The study showed elevated levels of KIM-1 and NGAL in diabetic rats, and FLU treatment reduced urinary KIM-1 and NGAL levels and the renal Havcr1 (KIM-1) expression, further supporting its protective role in maintaining tubular integrity. Long-term FLU treatment improved renal function and reduced serum creatinine and BUN levels in the STZ-induced T1DM rats, demonstrating its ability to protect renal function.

In the study performed by Balogh et al., diabetic rats exhibited excessive glomerular basement membrane thickening and mesangial matrix expansion. FLU treatment attenuated these alterations, suggesting that S1R activation not only preserves kidney function but also plays a crucial role in preventing structural damage. To further investigate LPS-induced NF-κB activation, the mRNA expression of inflammatory mediators was also measured. LPS treatment markedly increased NFKB, IL1B, IL6, and TNF, while FLU significantly halted NF-κB downstream signaling and reduced hypoxia-induced TGFB1 expression, suggesting that its antifibrotic effects may be partly mediated by modulating the hypoxic response.

The in vitro findings revealed that FLU suppressed TGF-β1-induced fibroblast transformation and ECM deposition. By inhibiting the expression of Col1a1, Col3a1, and Fn, FLU demonstrated its ability to reduce fibrosis at the cellular level.
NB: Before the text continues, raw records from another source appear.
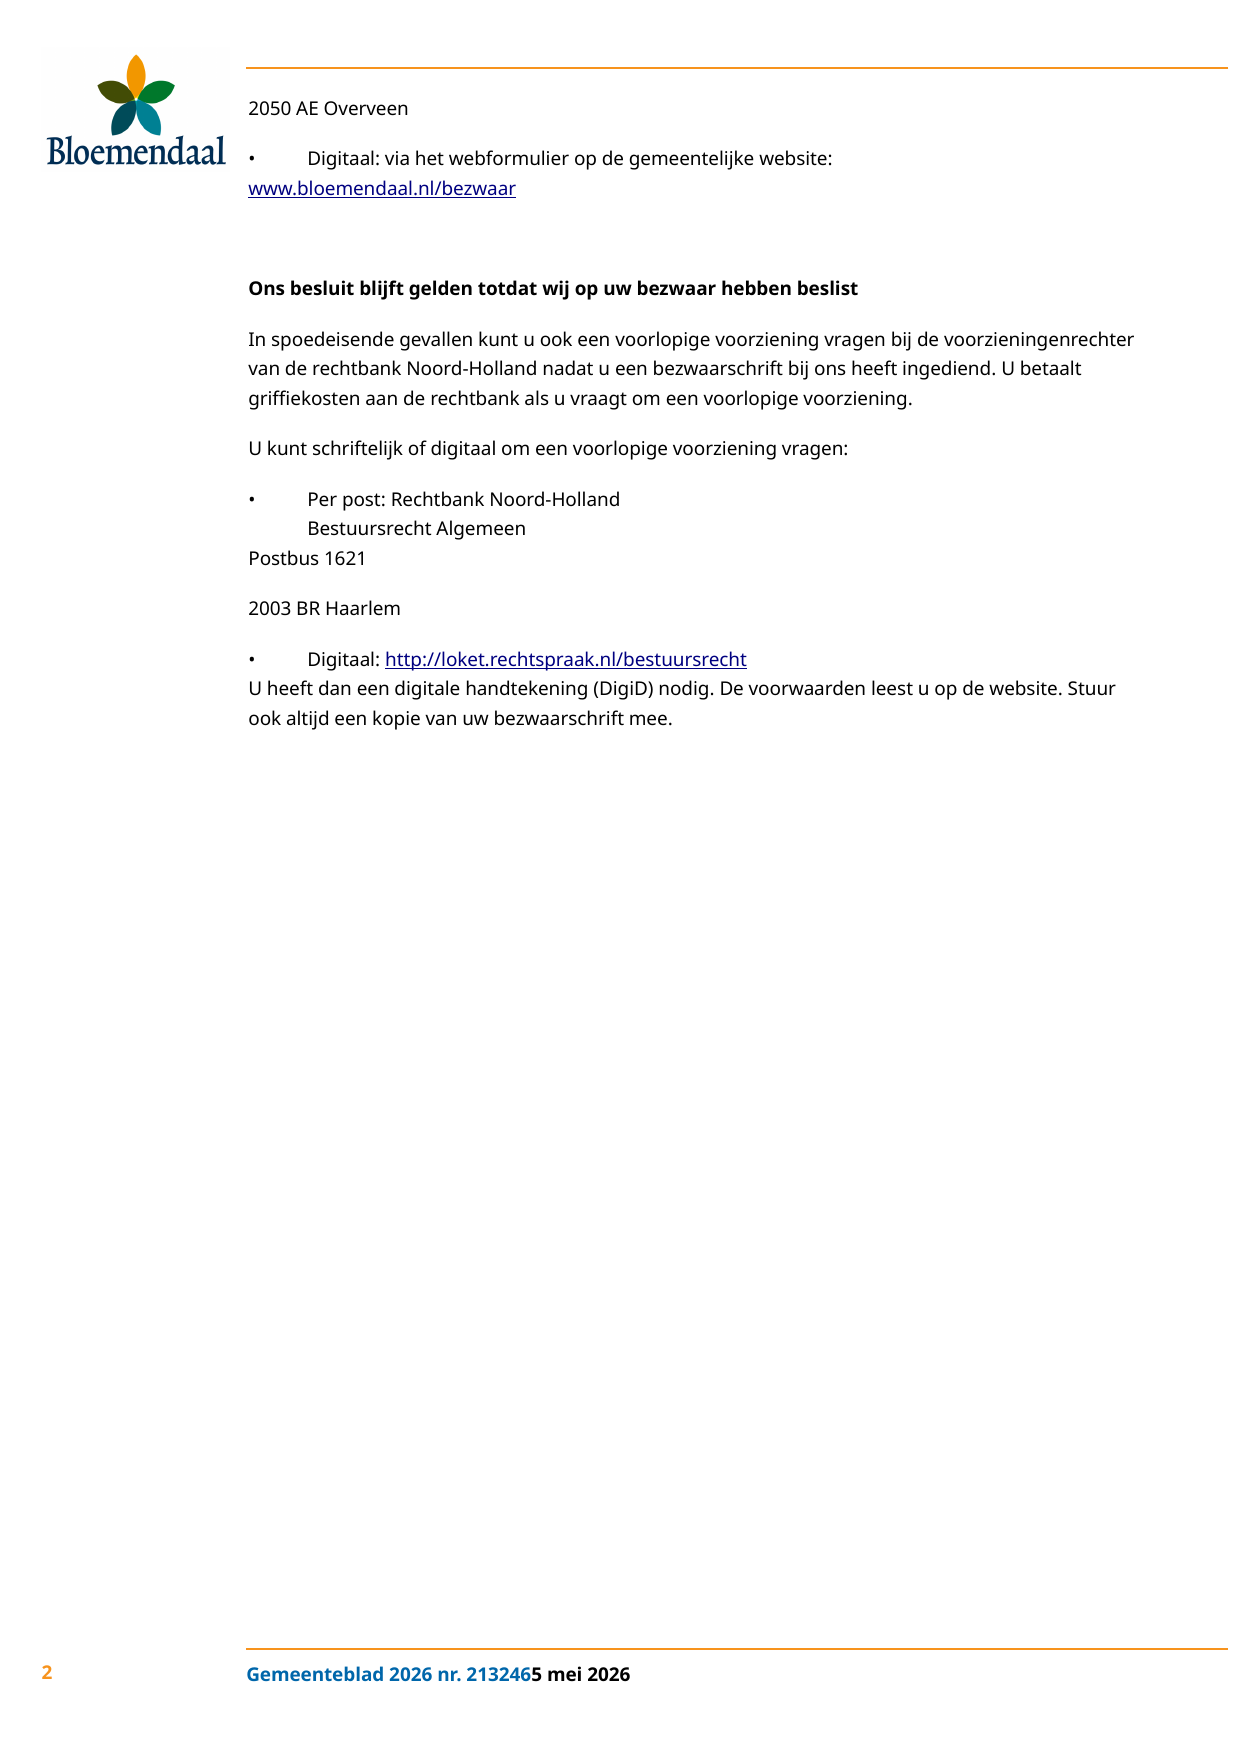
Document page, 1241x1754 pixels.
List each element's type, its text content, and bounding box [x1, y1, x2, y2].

list Per post: Rechtbank Noord-Holland [248, 486, 1152, 512]
text 2003 BR Haarlem [248, 596, 1152, 621]
text www.bloemendaal.nl/bezwaar [248, 175, 1152, 201]
text In spoedeisende gevallen kunt u ook een voorlopige voorziening vragen bij de voorzieningenrechter van de rechtbank Noord-Holland nadat u een bezwaarschrift bij ons heeft ingediend. U betaalt griffiekosten aan de rechtbank als u vraagt om een voorlopige voorziening. [248, 326, 1152, 411]
text Ons besluit blijft gelden totdat wij op uw bezwaar hebben beslist [248, 276, 1152, 301]
text U heeft dan een digitale handtekening (DigiD) nodig. De voorwaarden leest u op de website. Stuur ook altijd een kopie van uw bezwaarschrift mee. [248, 676, 1152, 731]
text 2050 AE Overveen [248, 95, 1152, 121]
text Postbus 1621 [248, 545, 1152, 571]
picture [41, 47, 231, 172]
text U kunt schriftelijk of digitaal om een voorlopige voorziening vragen: [248, 436, 1152, 461]
list Bestuursrecht Algemeen [248, 516, 1152, 541]
list Digitaal: http://loket.rechtspraak.nl/bestuursrecht [248, 646, 1152, 672]
list Digitaal: via het webformulier op de gemeentelijke website: [248, 145, 1152, 171]
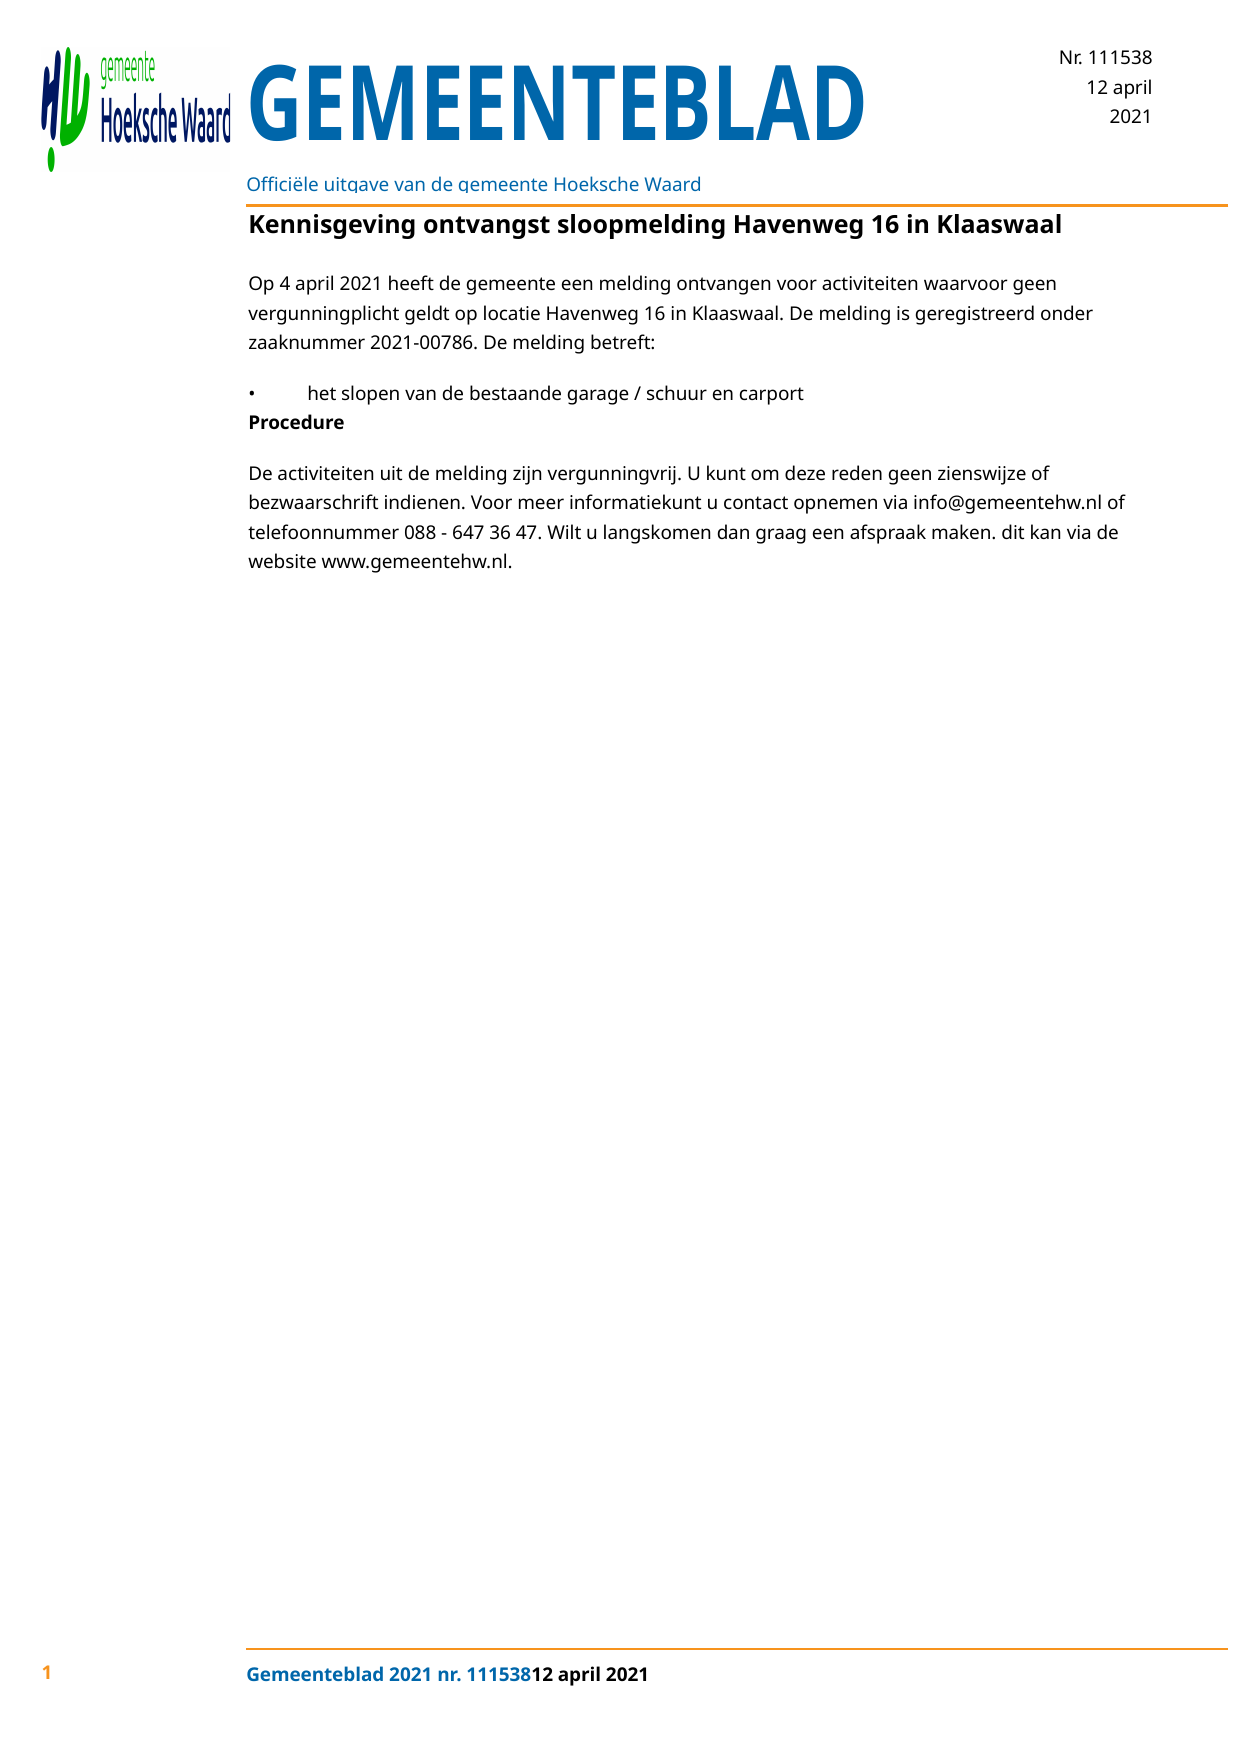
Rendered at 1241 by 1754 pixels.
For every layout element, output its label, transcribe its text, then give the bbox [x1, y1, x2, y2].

text Procedure [248, 409, 1152, 435]
text Op 4 april 2021 heeft de gemeente een melding ontvangen voor activiteiten waarvoor geen vergunningplicht geldt op locatie Havenweg 16 in Klaaswaal. De melding is geregistreerd onder zaaknummer 2021-00786. De melding betreft: [248, 270, 1152, 355]
text Kennisgeving ontvangst sloopmelding Havenweg 16 in Klaaswaal [248, 207, 1152, 241]
list het slopen van de bestaande garage / schuur en carport [248, 380, 1152, 406]
picture [41, 47, 231, 172]
text De activiteiten uit de melding zijn vergunningvrij. U kunt om deze reden geen zienswijze of bezwaarschrift indienen. Voor meer informatiekunt u contact opnemen via info@gemeentehw.nl of telefoonnummer 088 - 647 36 47. Wilt u langskomen dan graag een afspraak maken. dit kan via de website www.gemeentehw.nl. [248, 460, 1152, 574]
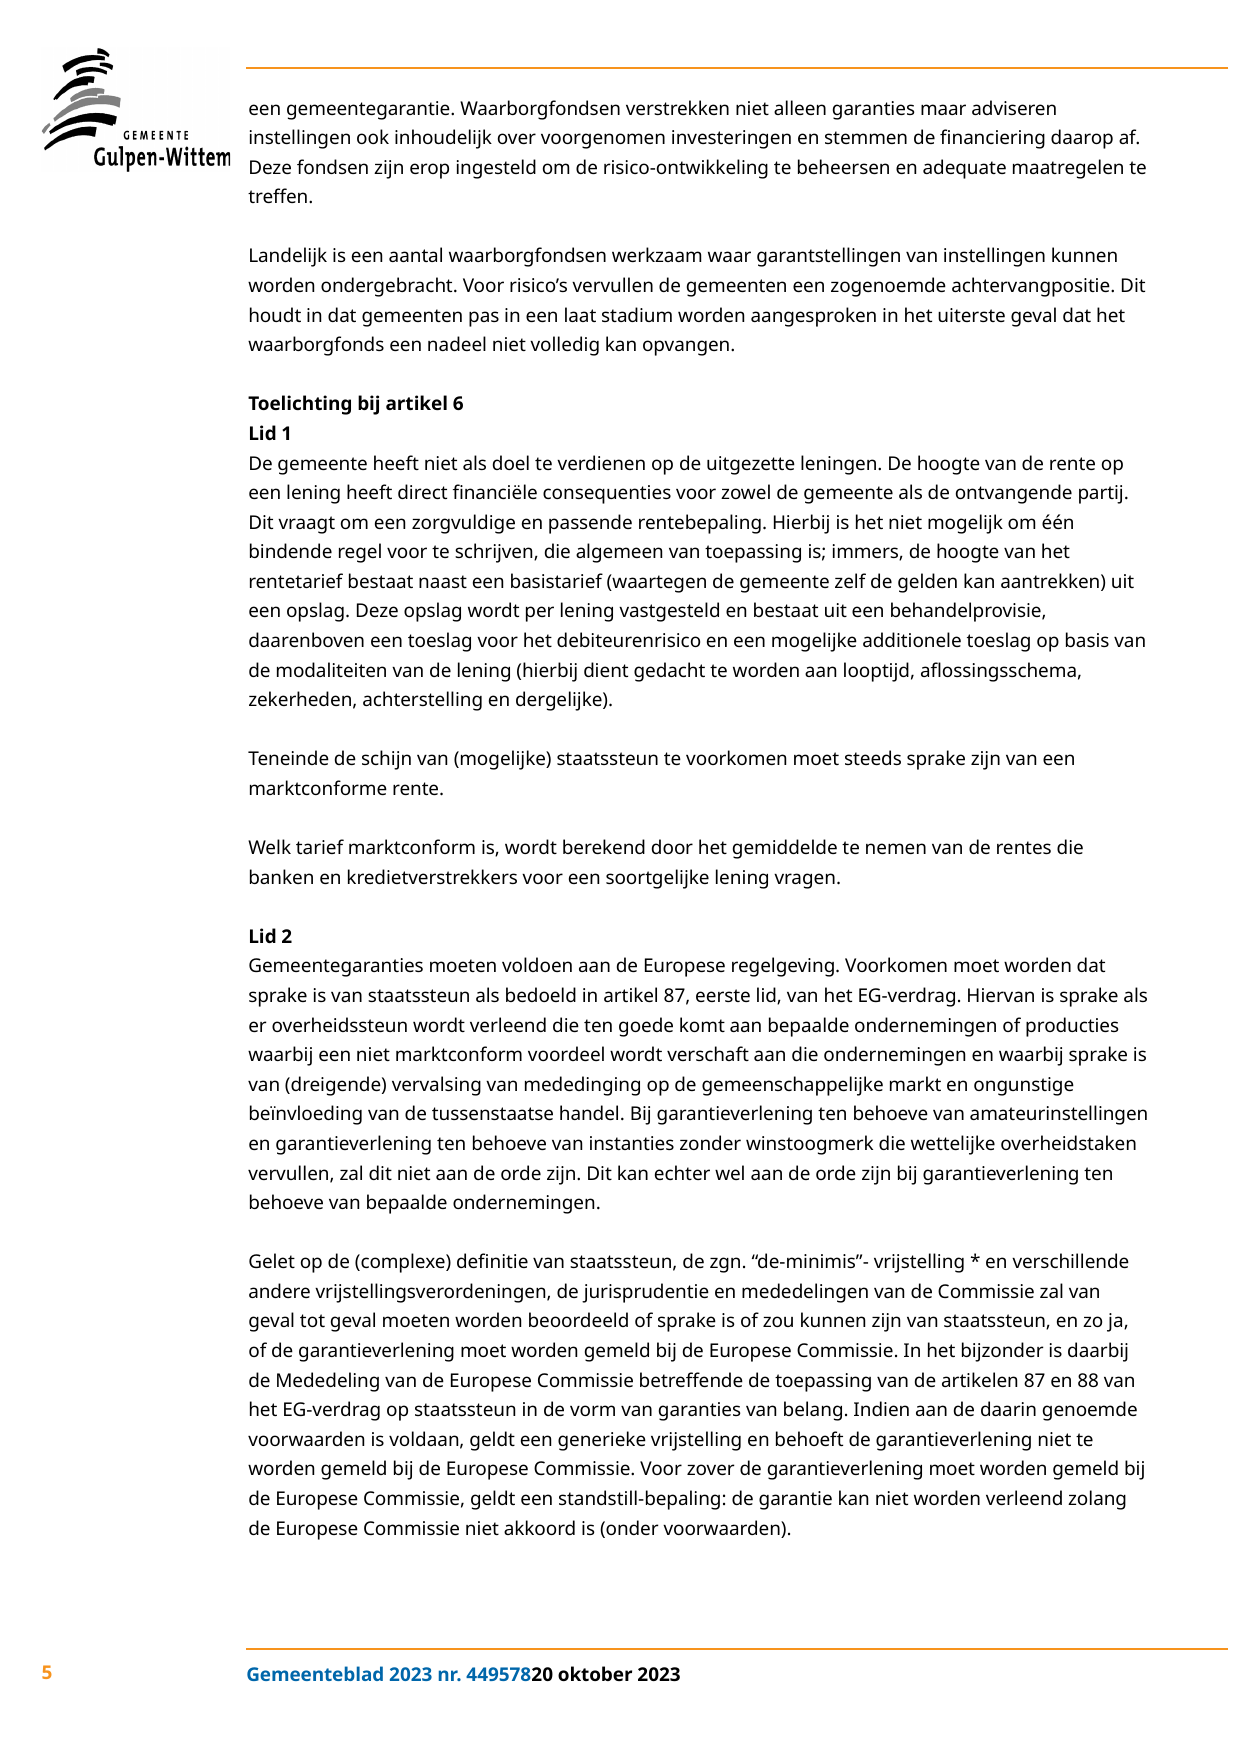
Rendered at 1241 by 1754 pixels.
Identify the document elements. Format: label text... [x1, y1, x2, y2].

text Lid 2 [248, 923, 1152, 949]
text Gelet op de (complexe) definitie van staatssteun, de zgn. “de-minimis”- vrijstelling * en verschillende andere vrijstellingsverordeningen, de jurisprudentie en mededelingen van de Commissie zal van geval tot geval moeten worden beoordeeld of sprake is of zou kunnen zijn van staatssteun, en zo ja, of de garantieverlening moet worden gemeld bij de Europese Commissie. In het bijzonder is daarbij de Mededeling van de Europese Commissie betreffende de toepassing van de artikelen 87 en 88 van het EG-verdrag op staatssteun in de vorm van garanties van belang. Indien aan de daarin genoemde voorwaarden is voldaan, geldt een generieke vrijstelling en behoeft de garantieverlening niet te worden gemeld bij de Europese Commissie. Voor zover de garantieverlening moet worden gemeld bij de Europese Commissie, geldt een standstill-bepaling: de garantie kan niet worden verleend zolang de Europese Commissie niet akkoord is (onder voorwaarden). [248, 1248, 1152, 1541]
picture [41, 47, 231, 172]
text Welk tarief marktconform is, wordt berekend door het gemiddelde te nemen van de rentes die banken en kredietverstrekkers voor een soortgelijke lening vragen. [248, 834, 1152, 890]
text Teneinde de schijn van (mogelijke) staatssteun te voorkomen moet steeds sprake zijn van een marktconforme rente. [248, 746, 1152, 801]
text Lid 1 [248, 420, 1152, 446]
text Gemeentegaranties moeten voldoen aan de Europese regelgeving. Voorkomen moet worden dat sprake is van staatssteun als bedoeld in artikel 87, eerste lid, van het EG-verdrag. Hiervan is sprake als er overheidssteun wordt verleend die ten goede komt aan bepaalde ondernemingen of producties waarbij een niet marktconform voordeel wordt verschaft aan die ondernemingen en waarbij sprake is van (dreigende) vervalsing van mededinging op de gemeenschappelijke markt en ongunstige beïnvloeding van de tussenstaatse handel. Bij garantieverlening ten behoeve van amateurinstellingen en garantieverlening ten behoeve van instanties zonder winstoogmerk die wettelijke overheidstaken vervullen, zal dit niet aan de orde zijn. Dit kan echter wel aan de orde zijn bij garantieverlening ten behoeve van bepaalde ondernemingen. [248, 953, 1152, 1215]
text Landelijk is een aantal waarborgfondsen werkzaam waar garantstellingen van instellingen kunnen worden ondergebracht. Voor risico’s vervullen de gemeenten een zogenoemde achtervangpositie. Dit houdt in dat gemeenten pas in een laat stadium worden aangesproken in het uiterste geval dat het waarborgfonds een nadeel niet volledig kan opvangen. [248, 243, 1152, 357]
text een gemeentegarantie. Waarborgfondsen verstrekken niet alleen garanties maar adviseren instellingen ook inhoudelijk over voorgenomen investeringen en stemmen de financiering daarop af. Deze fondsen zijn erop ingesteld om de risico-ontwikkeling te beheersen en adequate maatregelen te treffen. [248, 95, 1152, 209]
text Toelichting bij artikel 6 [248, 391, 1152, 416]
text De gemeente heeft niet als doel te verdienen op de uitgezette leningen. De hoogte van de rente op een lening heeft direct financiële consequenties voor zowel de gemeente als de ontvangende partij. Dit vraagt om een zorgvuldige en passende rentebepaling. Hierbij is het niet mogelijk om één bindende regel voor te schrijven, die algemeen van toepassing is; immers, de hoogte van het rentetarief bestaat naast een basistarief (waartegen de gemeente zelf de gelden kan aantrekken) uit een opslag. Deze opslag wordt per lening vastgesteld en bestaat uit een behandelprovisie, daarenboven een toeslag voor het debiteurenrisico en een mogelijke additionele toeslag op basis van de modaliteiten van de lening (hierbij dient gedacht te worden aan looptijd, aflossingsschema, zekerheden, achterstelling en dergelijke). [248, 450, 1152, 712]

These findings suggest that FLU effectively modulates fibrotic pathways across different cell types and tissues, highlighting its potential as a therapeutic strategy for mitigating renal fibrosis.

FLU improved renal function and reduced glomerular damage and tubulointerstitial fibrosis. It also mitigated inflammation by reducing TLR4, IL6, and NFKB1 expressions and moderated the cellular response to tubular hypoxia. Additionally, FLU suppressed TGF-β1-induced fibrotic processes and fibroblast transformation. These findings suggest that S1R activation can slow down DKD progression and protect renal function by modulating critical inflammatory, hypoxic, and fibrotic pathways; therefore, it might serve as a promising novel drug target for preventing DKD.